When you transcribe the listing that follows, keep every line exact and omit the pictures.

(Input data)

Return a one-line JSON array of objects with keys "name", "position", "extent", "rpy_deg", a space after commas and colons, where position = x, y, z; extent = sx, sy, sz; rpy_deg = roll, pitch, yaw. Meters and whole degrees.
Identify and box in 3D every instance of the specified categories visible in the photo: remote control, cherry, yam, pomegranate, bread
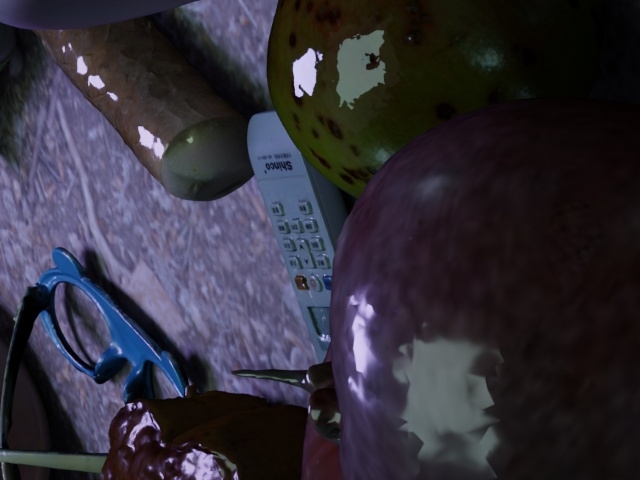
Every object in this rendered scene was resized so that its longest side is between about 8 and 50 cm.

(End Input data)

● **Reply to the exercise**
Return a one-line JSON array of objects with keys "name", "position", "extent", "rpy_deg", a space after commas and colons, where position = x, y, z; extent = sx, sy, sz; rpy_deg = roll, pitch, yaw. Meters and whole degrees.
Identify and box in 3D every instance of the specified categories visible in the photo: remote control, cherry, yam, pomegranate, bread
Every object in this rendered scene was resized so that its longest side is between about 8 and 50 cm.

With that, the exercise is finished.